§ EXERCISE DIRECTIONS
Without any of the pictures, set down the data below exactly.

** Opening RAW DATA block **

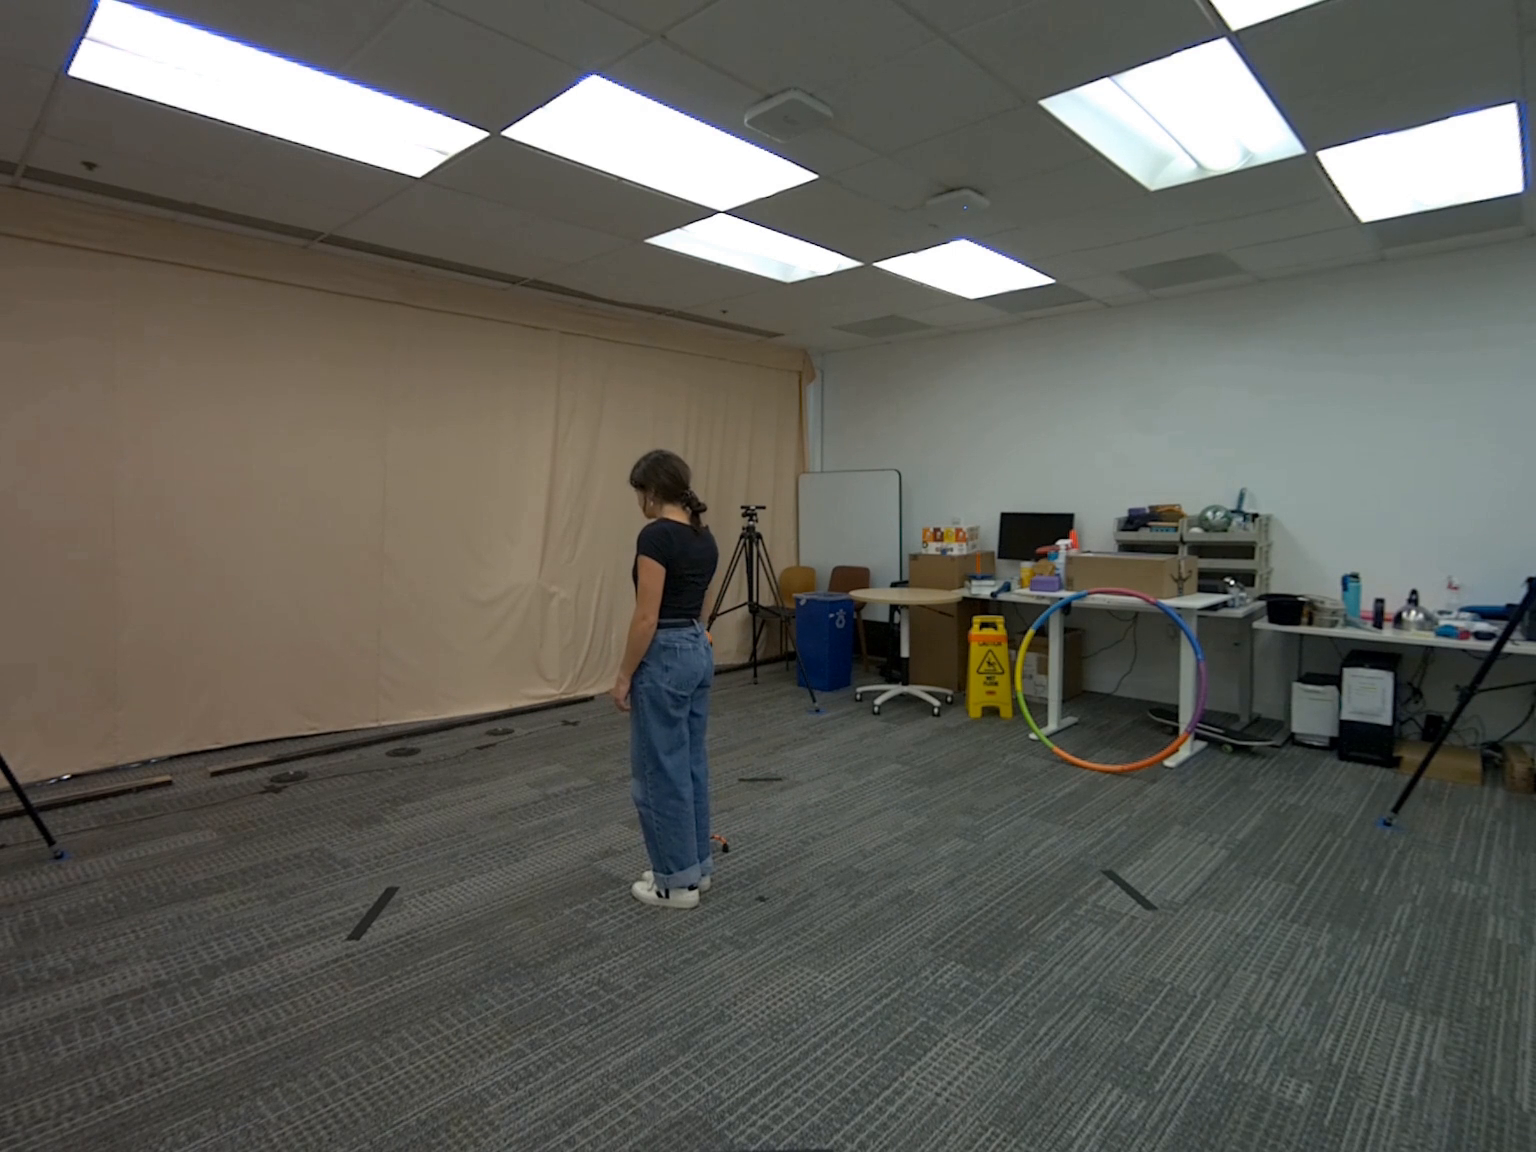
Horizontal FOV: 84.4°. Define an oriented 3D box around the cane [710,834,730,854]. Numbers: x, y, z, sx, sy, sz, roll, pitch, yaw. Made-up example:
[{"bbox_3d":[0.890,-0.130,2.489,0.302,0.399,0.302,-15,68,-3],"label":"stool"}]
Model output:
[{"bbox_3d":[-0.279,0.660,3.371,0.212,0.906,0.148,0,4,29],"label":"cane"}]

** Closing RAW DATA block **

§ OUTPUT BELOW
Horizontal FOV: 84.4°. Define an oriented 3D box around the cane [710,834,730,854]. Numbers: x, y, z, sx, sy, sz, roll, pitch, yaw. Made-up example:
[{"bbox_3d":[0.890,-0.130,2.489,0.302,0.399,0.302,-15,68,-3],"label":"stool"}]
Model output:
[{"bbox_3d":[-0.279,0.660,3.371,0.212,0.906,0.148,0,4,29],"label":"cane"}]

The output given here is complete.